What is required:
When the line with "tags: lying figure - aa - female human figure" is reached, include it and stop; before that, copy each line of the listing exactly from the first.

========================

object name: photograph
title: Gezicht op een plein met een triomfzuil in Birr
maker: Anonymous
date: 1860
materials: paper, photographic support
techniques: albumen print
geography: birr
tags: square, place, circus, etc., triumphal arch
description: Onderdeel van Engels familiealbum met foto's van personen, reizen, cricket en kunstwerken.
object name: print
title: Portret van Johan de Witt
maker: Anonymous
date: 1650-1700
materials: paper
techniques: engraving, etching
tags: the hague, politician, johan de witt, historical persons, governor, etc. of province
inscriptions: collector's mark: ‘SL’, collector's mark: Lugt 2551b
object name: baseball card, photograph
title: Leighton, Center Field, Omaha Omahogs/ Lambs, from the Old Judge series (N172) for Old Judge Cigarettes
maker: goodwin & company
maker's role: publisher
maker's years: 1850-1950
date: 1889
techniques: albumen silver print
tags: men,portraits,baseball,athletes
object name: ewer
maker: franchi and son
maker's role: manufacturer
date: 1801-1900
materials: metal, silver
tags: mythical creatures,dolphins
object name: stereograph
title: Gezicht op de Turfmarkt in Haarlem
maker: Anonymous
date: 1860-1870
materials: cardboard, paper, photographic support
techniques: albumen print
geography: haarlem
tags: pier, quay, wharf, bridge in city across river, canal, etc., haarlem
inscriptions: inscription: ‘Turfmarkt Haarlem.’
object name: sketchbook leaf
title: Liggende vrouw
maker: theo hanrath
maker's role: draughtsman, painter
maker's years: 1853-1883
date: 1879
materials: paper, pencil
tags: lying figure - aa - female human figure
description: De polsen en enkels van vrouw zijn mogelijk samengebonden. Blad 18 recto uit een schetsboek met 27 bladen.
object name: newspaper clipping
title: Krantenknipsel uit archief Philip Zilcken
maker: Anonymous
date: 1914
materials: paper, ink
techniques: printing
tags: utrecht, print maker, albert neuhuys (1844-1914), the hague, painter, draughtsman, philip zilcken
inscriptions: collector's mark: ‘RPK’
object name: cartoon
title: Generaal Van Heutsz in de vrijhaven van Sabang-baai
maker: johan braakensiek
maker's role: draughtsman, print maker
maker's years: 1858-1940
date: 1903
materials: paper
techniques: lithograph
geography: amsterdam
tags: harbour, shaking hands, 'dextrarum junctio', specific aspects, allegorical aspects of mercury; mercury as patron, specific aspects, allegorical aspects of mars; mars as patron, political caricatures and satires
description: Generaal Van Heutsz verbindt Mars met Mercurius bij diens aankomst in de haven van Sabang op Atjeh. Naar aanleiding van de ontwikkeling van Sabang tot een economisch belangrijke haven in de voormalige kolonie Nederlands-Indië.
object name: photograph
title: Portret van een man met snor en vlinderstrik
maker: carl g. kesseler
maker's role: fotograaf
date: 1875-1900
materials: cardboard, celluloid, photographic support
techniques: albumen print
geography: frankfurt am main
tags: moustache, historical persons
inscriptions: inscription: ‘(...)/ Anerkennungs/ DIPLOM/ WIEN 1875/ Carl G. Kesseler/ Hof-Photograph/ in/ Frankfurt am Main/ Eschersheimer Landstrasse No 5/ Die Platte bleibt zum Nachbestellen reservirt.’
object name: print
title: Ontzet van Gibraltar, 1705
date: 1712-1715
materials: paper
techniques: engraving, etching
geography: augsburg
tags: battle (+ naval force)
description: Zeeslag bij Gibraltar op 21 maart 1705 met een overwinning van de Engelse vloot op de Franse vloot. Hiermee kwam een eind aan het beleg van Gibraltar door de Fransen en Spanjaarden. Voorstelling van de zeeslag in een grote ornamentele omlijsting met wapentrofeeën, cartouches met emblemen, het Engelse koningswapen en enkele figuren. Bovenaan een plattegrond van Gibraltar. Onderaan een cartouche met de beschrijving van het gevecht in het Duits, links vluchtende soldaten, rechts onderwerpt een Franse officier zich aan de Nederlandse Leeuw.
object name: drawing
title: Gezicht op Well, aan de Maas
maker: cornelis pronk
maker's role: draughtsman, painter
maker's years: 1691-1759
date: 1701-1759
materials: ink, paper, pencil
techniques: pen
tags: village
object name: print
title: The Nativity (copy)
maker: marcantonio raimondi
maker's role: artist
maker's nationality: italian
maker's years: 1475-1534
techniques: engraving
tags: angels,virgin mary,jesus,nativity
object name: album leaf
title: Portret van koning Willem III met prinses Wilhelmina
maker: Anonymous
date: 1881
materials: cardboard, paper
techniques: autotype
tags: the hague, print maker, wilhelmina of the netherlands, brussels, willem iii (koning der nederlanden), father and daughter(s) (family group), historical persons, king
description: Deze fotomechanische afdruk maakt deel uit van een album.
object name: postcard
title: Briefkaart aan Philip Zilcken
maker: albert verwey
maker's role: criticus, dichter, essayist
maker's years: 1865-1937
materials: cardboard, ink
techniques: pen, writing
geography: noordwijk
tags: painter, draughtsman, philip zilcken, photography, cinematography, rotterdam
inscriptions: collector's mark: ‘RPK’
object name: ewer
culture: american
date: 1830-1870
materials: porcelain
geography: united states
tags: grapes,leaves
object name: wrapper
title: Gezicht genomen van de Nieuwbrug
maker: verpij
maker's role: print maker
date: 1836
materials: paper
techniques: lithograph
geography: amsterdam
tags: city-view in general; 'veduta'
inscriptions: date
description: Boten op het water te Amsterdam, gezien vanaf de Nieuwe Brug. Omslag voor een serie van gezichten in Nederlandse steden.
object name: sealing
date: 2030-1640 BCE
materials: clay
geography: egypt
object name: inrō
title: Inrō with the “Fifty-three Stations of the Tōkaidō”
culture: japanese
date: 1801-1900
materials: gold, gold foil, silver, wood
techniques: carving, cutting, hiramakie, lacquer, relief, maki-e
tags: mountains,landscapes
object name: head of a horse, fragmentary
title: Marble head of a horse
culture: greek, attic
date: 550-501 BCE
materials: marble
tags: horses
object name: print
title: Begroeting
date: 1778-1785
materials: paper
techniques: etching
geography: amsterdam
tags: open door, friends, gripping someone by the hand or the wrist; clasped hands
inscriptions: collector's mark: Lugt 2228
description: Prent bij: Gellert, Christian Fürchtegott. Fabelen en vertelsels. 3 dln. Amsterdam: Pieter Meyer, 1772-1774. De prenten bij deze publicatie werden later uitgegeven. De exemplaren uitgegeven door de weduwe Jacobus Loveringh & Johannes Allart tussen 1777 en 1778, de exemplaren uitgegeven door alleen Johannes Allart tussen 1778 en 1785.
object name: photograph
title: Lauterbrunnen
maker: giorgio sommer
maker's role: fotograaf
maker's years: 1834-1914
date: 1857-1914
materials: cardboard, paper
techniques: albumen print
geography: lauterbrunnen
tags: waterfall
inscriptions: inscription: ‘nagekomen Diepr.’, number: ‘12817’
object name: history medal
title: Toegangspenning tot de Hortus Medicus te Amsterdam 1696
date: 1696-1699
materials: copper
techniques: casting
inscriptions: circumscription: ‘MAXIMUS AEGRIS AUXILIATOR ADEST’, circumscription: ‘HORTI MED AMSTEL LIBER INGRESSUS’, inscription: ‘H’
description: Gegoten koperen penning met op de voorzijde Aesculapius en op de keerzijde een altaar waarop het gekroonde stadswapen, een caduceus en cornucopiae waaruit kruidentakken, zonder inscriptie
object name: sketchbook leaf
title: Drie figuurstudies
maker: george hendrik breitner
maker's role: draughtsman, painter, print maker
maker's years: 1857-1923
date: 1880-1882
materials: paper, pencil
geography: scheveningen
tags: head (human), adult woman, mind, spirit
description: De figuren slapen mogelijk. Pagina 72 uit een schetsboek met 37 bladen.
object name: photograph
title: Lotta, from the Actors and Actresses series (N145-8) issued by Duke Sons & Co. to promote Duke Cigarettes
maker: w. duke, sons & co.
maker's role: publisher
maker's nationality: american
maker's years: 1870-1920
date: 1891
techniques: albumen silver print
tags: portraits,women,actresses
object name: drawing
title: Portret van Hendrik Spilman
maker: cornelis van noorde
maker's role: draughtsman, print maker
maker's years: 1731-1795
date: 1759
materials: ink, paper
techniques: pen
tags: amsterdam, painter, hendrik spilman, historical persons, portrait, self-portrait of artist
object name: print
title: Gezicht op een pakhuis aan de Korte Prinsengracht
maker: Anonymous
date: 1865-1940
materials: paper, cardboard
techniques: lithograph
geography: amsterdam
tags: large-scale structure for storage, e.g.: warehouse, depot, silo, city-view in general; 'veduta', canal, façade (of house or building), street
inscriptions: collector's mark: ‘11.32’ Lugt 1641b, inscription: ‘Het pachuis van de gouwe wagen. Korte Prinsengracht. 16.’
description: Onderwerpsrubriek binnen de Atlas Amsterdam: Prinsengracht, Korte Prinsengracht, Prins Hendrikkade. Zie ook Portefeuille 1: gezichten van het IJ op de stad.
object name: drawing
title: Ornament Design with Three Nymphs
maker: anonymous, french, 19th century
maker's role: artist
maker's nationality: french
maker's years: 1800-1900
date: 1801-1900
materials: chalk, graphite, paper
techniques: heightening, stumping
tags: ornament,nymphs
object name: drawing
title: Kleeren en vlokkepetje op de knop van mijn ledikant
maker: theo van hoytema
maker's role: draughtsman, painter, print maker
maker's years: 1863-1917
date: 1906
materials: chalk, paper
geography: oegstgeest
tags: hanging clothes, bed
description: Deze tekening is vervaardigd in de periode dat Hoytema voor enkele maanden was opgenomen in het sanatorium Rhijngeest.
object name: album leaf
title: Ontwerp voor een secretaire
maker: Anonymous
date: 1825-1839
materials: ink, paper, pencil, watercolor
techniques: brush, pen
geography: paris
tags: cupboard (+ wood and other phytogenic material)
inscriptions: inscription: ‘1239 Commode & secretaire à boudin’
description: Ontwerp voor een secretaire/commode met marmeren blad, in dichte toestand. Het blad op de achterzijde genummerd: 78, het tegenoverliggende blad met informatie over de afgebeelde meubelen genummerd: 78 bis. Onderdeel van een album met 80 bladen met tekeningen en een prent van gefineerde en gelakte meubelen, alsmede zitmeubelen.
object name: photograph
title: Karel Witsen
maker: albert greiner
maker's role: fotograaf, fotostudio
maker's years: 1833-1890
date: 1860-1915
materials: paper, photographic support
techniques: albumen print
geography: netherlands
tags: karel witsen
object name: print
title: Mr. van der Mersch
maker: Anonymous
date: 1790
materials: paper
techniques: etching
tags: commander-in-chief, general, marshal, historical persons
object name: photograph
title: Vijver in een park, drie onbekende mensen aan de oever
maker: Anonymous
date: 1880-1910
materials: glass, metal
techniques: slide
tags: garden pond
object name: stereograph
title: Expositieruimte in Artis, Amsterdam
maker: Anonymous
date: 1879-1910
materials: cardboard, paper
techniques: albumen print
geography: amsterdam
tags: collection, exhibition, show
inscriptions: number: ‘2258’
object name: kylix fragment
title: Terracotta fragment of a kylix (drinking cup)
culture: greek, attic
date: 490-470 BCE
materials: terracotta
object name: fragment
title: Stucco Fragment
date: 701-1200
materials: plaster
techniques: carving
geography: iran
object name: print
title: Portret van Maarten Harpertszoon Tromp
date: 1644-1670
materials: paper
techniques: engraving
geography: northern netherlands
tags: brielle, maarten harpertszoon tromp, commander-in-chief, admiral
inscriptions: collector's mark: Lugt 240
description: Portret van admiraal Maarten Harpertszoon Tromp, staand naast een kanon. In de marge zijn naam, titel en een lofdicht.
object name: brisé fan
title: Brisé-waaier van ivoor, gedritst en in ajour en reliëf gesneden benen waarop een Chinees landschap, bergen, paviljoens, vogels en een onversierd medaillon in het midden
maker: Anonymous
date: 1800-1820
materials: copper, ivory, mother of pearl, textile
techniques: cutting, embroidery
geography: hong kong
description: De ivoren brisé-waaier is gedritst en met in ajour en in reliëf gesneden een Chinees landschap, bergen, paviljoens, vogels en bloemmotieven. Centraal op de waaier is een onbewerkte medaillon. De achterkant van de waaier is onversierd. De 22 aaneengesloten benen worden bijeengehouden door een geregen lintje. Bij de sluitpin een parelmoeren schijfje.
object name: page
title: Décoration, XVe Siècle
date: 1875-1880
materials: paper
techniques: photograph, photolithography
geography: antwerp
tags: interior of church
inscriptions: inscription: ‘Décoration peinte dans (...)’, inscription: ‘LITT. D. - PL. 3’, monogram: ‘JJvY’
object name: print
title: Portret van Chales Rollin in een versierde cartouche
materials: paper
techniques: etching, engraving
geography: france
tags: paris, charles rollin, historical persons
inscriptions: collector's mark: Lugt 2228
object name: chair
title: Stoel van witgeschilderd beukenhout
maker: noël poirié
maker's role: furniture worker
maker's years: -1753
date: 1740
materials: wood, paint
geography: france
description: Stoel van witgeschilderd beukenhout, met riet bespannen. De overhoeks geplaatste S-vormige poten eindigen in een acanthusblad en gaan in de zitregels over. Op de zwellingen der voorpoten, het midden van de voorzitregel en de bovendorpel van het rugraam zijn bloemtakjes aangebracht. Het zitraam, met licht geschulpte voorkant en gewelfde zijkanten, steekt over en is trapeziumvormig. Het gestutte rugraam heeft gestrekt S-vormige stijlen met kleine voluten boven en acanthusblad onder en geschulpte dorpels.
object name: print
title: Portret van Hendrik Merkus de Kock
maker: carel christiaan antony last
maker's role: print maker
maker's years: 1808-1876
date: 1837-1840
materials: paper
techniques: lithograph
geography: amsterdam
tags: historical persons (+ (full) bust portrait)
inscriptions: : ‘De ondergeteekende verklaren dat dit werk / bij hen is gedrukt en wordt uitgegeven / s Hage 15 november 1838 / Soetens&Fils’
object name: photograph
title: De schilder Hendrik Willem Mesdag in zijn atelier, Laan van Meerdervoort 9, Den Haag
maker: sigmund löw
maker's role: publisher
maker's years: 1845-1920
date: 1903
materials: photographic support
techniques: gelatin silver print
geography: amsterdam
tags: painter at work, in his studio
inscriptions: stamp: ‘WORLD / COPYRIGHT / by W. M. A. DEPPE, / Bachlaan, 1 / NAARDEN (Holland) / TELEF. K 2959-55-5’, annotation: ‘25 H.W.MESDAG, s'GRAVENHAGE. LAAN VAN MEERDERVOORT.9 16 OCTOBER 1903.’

========================

Result of the exercise:
object name: photograph
title: Gezicht op een plein met een triomfzuil in Birr
maker: Anonymous
date: 1860
materials: paper, photographic support
techniques: albumen print
geography: birr
tags: square, place, circus, etc., triumphal arch
description: Onderdeel van Engels familiealbum met foto's van personen, reizen, cricket en kunstwerken.
object name: print
title: Portret van Johan de Witt
maker: Anonymous
date: 1650-1700
materials: paper
techniques: engraving, etching
tags: the hague, politician, johan de witt, historical persons, governor, etc. of province
inscriptions: collector's mark: ‘SL’, collector's mark: Lugt 2551b
object name: baseball card, photograph
title: Leighton, Center Field, Omaha Omahogs/ Lambs, from the Old Judge series (N172) for Old Judge Cigarettes
maker: goodwin & company
maker's role: publisher
maker's years: 1850-1950
date: 1889
techniques: albumen silver print
tags: men,portraits,baseball,athletes
object name: ewer
maker: franchi and son
maker's role: manufacturer
date: 1801-1900
materials: metal, silver
tags: mythical creatures,dolphins
object name: stereograph
title: Gezicht op de Turfmarkt in Haarlem
maker: Anonymous
date: 1860-1870
materials: cardboard, paper, photographic support
techniques: albumen print
geography: haarlem
tags: pier, quay, wharf, bridge in city across river, canal, etc., haarlem
inscriptions: inscription: ‘Turfmarkt Haarlem.’
object name: sketchbook leaf
title: Liggende vrouw
maker: theo hanrath
maker's role: draughtsman, painter
maker's years: 1853-1883
date: 1879
materials: paper, pencil
tags: lying figure - aa - female human figure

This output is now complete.